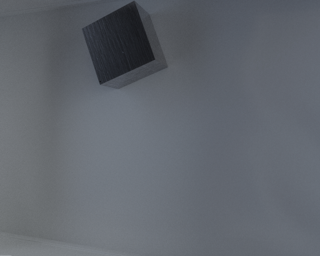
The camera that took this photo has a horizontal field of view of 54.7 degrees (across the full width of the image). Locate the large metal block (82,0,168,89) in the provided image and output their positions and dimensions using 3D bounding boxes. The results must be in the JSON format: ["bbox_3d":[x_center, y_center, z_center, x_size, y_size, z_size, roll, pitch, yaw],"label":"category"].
[{"bbox_3d":[-0.046,-0.106,0.412,0.080,0.050,0.080,-21,83,18],"label":"large metal block"}]
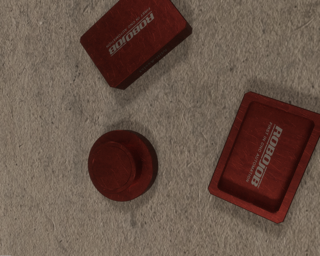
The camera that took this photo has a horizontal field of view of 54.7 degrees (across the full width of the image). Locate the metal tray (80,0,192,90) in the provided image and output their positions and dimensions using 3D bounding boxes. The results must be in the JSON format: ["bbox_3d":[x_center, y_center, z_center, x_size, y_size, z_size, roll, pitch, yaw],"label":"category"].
[{"bbox_3d":[-0.034,-0.125,0.417,0.130,0.030,0.090,-37,78,15],"label":"metal tray"}]

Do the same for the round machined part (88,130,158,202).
[{"bbox_3d":[-0.056,0.051,0.419,0.098,0.042,0.097,0,90,19],"label":"round machined part"}]

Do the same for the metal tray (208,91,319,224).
[{"bbox_3d":[0.122,0.032,0.363,0.090,0.030,0.129,22,97,18],"label":"metal tray"}]
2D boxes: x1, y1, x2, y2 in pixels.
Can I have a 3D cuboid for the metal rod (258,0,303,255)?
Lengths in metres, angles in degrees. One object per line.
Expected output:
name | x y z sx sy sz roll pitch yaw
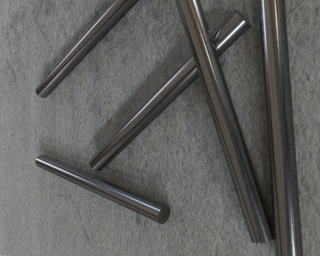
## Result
metal rod | 0.118 -0.015 0.306 0.025 0.025 0.298 -5 87 39

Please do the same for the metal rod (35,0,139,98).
metal rod | -0.120 -0.135 0.500 0.299 0.025 0.025 -33 70 34

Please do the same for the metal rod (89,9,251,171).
metal rod | -0.005 -0.030 0.407 0.299 0.025 0.025 -43 64 31

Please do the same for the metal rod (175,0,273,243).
metal rod | 0.063 -0.030 0.328 0.025 0.025 0.298 -20 85 38

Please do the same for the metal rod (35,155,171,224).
metal rod | -0.109 0.087 0.491 0.300 0.025 0.025 12 98 39
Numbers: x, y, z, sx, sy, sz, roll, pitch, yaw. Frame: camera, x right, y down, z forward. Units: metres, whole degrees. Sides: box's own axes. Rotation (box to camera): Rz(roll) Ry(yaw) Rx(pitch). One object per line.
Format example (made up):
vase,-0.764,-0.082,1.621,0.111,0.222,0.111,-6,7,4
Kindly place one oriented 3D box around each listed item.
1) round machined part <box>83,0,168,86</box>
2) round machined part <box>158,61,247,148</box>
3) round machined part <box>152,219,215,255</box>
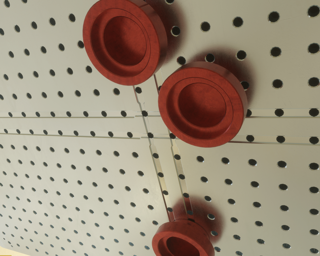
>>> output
round machined part,-0.036,-0.102,0.357,0.098,0.042,0.097,13,124,21
round machined part,0.051,-0.030,0.356,0.098,0.042,0.097,13,124,21
round machined part,0.040,0.186,0.494,0.098,0.042,0.097,13,124,21
+++
- Exercise aim: Copy exactly the lines that run from the line containing "Locate the metal" to the end of the data, keeping both end lines and dropping every picture.

- Answer space:
The camera that took this photo has a horizontal field of view of 54.7 degrees (across the full width of the image). Locate the metal tray (80,0,192,90) in the provided image and output their positions and dimensions using 3D bounding boxes. The results must be in the JSON format: ["bbox_3d":[x_center, y_center, z_center, x_size, y_size, z_size, roll, pitch, yaw],"label":"category"].
[{"bbox_3d":[-0.034,-0.125,0.417,0.130,0.030,0.090,-37,78,15],"label":"metal tray"}]

Do the same for the round machined part (88,130,158,202).
[{"bbox_3d":[-0.056,0.051,0.419,0.098,0.042,0.097,0,90,19],"label":"round machined part"}]

Do the same for the metal tray (208,91,319,224).
[{"bbox_3d":[0.122,0.032,0.363,0.090,0.030,0.129,22,97,18],"label":"metal tray"}]
2D boxes: x1, y1, x2, y2 in pixels.
Can I have a 3D cuboid for the metal rod (258,0,303,255)?
Lengths in metres, angles in degrees. One object per line.
Expected output:
name | x y z sx sy sz roll pitch yaw
## Result
metal rod | 0.118 -0.015 0.306 0.025 0.025 0.298 -5 87 39

Please do the same for the metal rod (35,0,139,98).
metal rod | -0.120 -0.135 0.500 0.299 0.025 0.025 -33 70 34

Please do the same for the metal rod (89,9,251,171).
metal rod | -0.005 -0.030 0.407 0.299 0.025 0.025 -43 64 31

Please do the same for the metal rod (175,0,273,243).
metal rod | 0.063 -0.030 0.328 0.025 0.025 0.298 -20 85 38

Please do the same for the metal rod (35,155,171,224).
metal rod | -0.109 0.087 0.491 0.300 0.025 0.025 12 98 39
Numbers: x, y, z, sx, sy, sz, roll, pitch, yaw. Frame: camera, x right, y down, z forward. Units: metres, whole degrees. Sides: box's own axes. Rotation (box to camera): Rz(roll) Ry(yaw) Rx(pitch). One object per line.
Format example (made up):
vase,-0.764,-0.082,1.621,0.111,0.222,0.111,-6,7,4
Kindly place one oriented 3D box around each listed item.
1) round machined part <box>83,0,168,86</box>
2) round machined part <box>158,61,247,148</box>
3) round machined part <box>152,219,215,255</box>
>>> output
round machined part,-0.036,-0.102,0.357,0.098,0.042,0.097,13,124,21
round machined part,0.051,-0.030,0.356,0.098,0.042,0.097,13,124,21
round machined part,0.040,0.186,0.494,0.098,0.042,0.097,13,124,21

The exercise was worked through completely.